----- Listed records

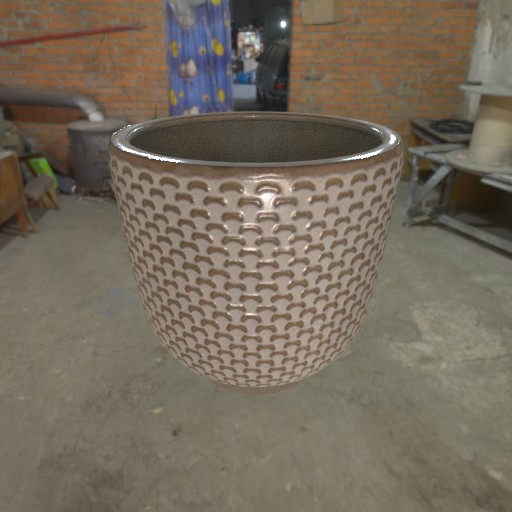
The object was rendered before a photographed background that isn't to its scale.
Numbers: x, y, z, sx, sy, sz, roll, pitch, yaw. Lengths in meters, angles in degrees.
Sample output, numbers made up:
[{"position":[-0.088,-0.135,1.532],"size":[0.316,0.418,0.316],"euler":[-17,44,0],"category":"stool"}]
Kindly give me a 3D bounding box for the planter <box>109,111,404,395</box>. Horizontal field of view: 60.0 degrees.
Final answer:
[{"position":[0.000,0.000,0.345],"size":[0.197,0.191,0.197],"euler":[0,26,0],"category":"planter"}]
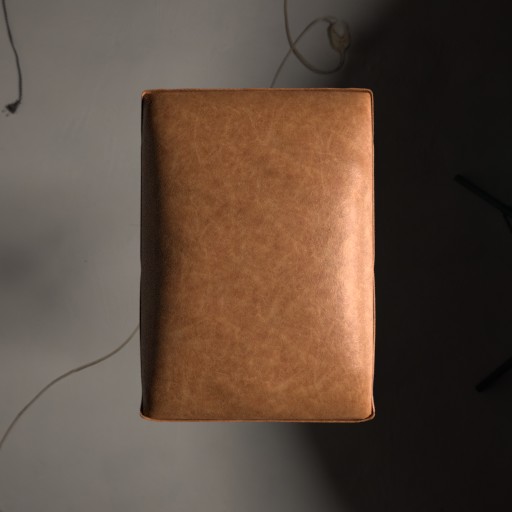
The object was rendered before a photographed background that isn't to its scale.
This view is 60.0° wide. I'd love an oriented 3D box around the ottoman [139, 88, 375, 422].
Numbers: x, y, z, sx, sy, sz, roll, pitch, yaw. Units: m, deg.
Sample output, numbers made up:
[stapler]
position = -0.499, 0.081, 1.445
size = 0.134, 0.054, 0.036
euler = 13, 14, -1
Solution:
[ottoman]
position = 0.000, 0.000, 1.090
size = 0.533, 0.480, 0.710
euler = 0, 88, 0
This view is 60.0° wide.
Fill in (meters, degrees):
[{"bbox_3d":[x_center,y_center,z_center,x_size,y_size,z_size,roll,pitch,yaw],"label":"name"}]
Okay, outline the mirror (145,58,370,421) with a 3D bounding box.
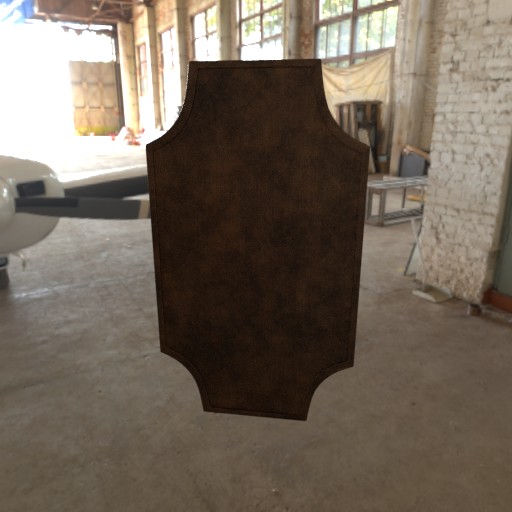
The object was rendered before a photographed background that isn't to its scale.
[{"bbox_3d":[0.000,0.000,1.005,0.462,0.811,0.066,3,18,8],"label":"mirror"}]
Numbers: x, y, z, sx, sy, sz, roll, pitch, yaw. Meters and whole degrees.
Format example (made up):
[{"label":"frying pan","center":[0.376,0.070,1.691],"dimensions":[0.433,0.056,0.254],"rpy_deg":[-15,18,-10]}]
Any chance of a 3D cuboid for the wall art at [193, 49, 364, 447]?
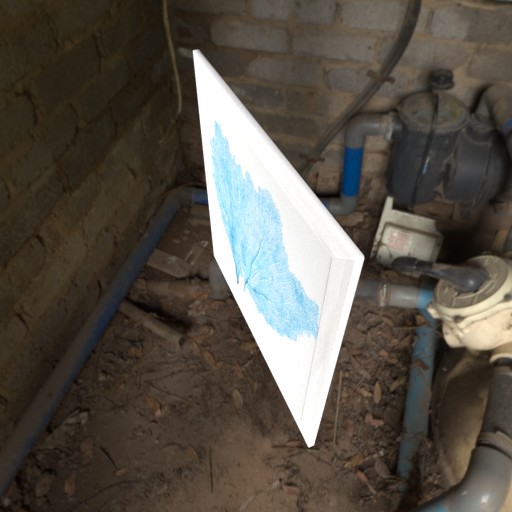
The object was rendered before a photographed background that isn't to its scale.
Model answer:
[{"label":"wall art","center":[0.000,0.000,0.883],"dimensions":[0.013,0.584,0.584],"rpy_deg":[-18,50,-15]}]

----------
----- Listed records

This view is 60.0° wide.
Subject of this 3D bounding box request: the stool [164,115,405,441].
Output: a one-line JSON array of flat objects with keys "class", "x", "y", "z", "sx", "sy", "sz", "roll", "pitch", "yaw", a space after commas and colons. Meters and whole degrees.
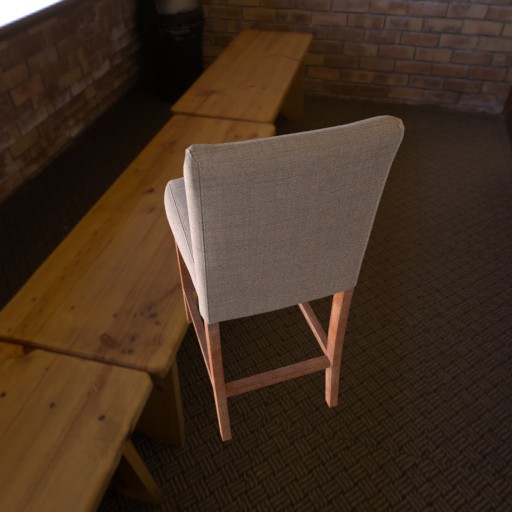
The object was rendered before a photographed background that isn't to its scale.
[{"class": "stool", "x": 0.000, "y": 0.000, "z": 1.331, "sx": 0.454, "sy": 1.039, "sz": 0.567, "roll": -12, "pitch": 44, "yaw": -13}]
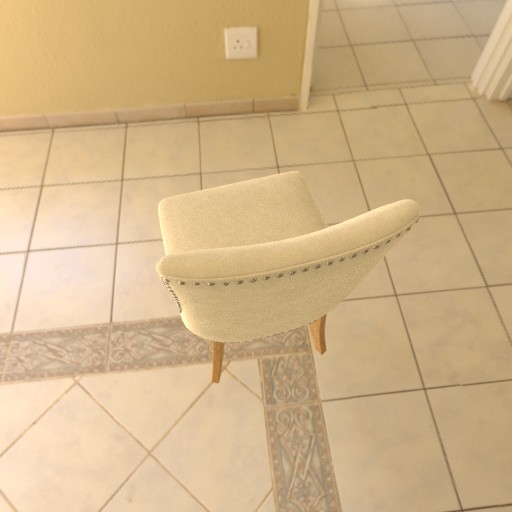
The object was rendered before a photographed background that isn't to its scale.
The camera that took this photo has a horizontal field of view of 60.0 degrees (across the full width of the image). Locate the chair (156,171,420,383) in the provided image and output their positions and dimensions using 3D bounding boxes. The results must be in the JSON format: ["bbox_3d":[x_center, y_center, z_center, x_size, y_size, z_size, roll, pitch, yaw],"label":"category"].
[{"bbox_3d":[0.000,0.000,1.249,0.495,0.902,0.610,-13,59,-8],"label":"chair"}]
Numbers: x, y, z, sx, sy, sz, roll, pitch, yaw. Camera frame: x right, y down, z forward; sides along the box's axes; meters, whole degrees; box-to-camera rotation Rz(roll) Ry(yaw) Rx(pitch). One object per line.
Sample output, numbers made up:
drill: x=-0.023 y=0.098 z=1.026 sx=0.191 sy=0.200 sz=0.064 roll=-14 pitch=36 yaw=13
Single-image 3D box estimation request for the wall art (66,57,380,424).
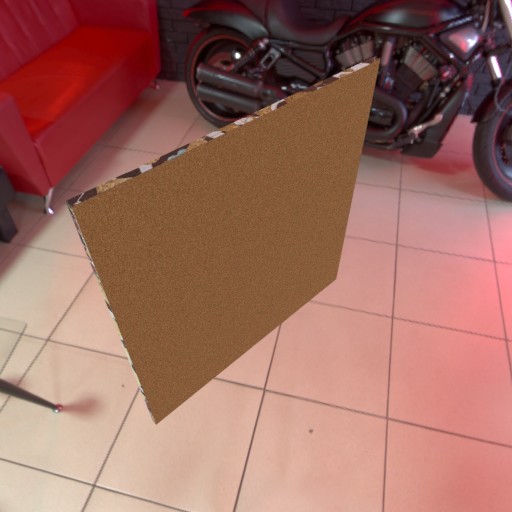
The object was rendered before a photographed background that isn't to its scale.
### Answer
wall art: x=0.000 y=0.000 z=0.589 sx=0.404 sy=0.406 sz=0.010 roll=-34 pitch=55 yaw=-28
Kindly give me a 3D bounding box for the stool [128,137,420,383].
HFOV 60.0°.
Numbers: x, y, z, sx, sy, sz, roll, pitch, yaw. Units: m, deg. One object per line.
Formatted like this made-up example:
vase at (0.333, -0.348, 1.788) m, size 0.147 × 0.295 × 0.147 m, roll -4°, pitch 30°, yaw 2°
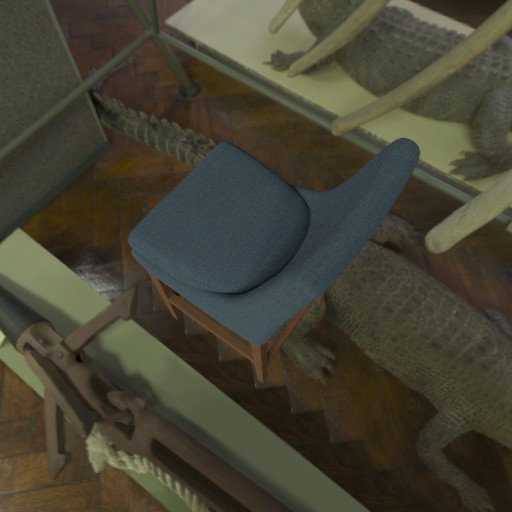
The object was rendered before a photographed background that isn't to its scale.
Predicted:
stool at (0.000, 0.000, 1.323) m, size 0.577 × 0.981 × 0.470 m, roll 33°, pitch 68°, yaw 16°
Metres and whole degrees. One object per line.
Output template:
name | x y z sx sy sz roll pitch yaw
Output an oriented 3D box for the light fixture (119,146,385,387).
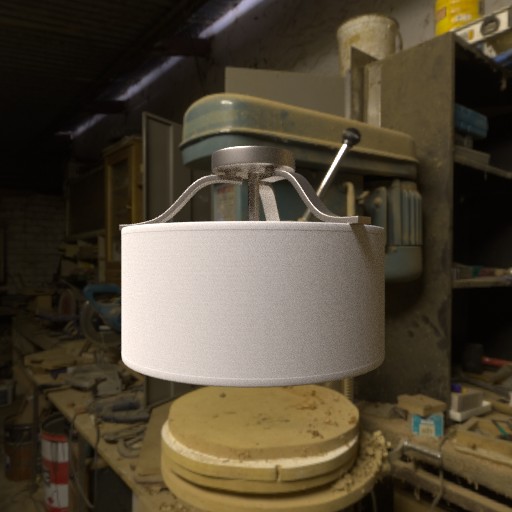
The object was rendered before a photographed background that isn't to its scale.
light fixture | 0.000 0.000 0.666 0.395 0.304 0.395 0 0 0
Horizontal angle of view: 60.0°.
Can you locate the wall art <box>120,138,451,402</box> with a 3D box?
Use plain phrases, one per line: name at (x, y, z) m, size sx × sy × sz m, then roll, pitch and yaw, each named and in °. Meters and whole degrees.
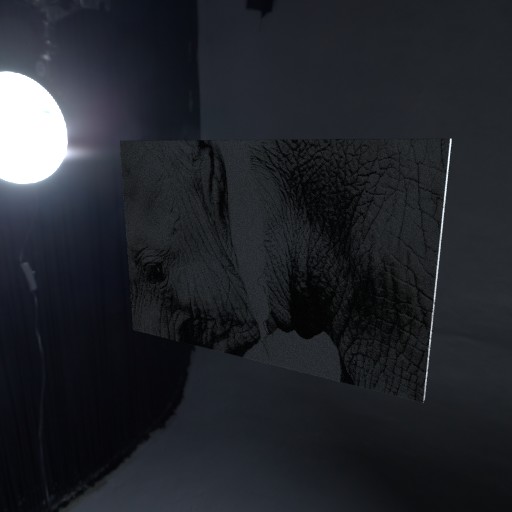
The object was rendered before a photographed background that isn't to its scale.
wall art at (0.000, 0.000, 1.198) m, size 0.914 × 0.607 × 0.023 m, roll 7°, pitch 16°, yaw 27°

----------
----- Listed records

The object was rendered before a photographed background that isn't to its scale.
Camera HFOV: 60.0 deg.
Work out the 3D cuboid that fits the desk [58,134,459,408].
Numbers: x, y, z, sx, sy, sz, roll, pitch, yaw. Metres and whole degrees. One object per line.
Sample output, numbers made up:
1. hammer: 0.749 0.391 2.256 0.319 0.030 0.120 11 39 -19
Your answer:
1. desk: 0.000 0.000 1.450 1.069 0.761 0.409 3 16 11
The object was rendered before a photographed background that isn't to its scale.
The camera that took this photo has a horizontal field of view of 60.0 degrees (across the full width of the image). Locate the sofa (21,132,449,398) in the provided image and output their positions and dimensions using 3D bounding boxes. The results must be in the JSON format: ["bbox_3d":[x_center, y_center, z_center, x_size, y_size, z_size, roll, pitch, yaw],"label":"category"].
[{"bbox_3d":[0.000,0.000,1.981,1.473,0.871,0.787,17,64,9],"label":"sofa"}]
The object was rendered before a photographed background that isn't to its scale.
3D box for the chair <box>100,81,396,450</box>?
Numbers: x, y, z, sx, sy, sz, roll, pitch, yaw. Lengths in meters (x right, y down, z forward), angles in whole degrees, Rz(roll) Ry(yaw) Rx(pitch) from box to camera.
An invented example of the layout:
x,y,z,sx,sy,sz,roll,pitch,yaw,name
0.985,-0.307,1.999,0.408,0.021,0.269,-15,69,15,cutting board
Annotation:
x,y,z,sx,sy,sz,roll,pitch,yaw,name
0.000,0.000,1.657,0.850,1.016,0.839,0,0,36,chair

----------

> _Your objective_
Since the pictures are not part of the copy, please transcribe only the lines above from the one with "deg. One object per line." through the one with "Use plain phrases, one", exactly and with both ends.

> _Problem solution_
Numbers: x, y, z, sx, sy, sz, roll, pitch, yaw. Units: m, deg. One object per line.
Formatted like this made-up example:
vase at (0.333, -0.348, 1.788) m, size 0.147 × 0.295 × 0.147 m, roll -4°, pitch 30°, yaw 2°
The object was rendered before a photographed background that isn't to its scale.
Predicted:
stool at (0.000, 0.000, 1.323) m, size 0.577 × 0.981 × 0.470 m, roll 33°, pitch 68°, yaw 16°
Metres and whole degrees. One object per line.
Output template:
name | x y z sx sy sz roll pitch yaw
Output an oriented 3D box for the light fixture (119,146,385,387).
The object was rendered before a photographed background that isn't to its scale.
light fixture | 0.000 0.000 0.666 0.395 0.304 0.395 0 0 0
Horizontal angle of view: 60.0°.
Can you locate the wall art <box>120,138,451,402</box> with a 3D box?
Use plain phrases, one per line: name at (x, y, z) m, size sx × sy × sz m, then roll, pitch and yaw, each named and in °. Meters and whole degrees.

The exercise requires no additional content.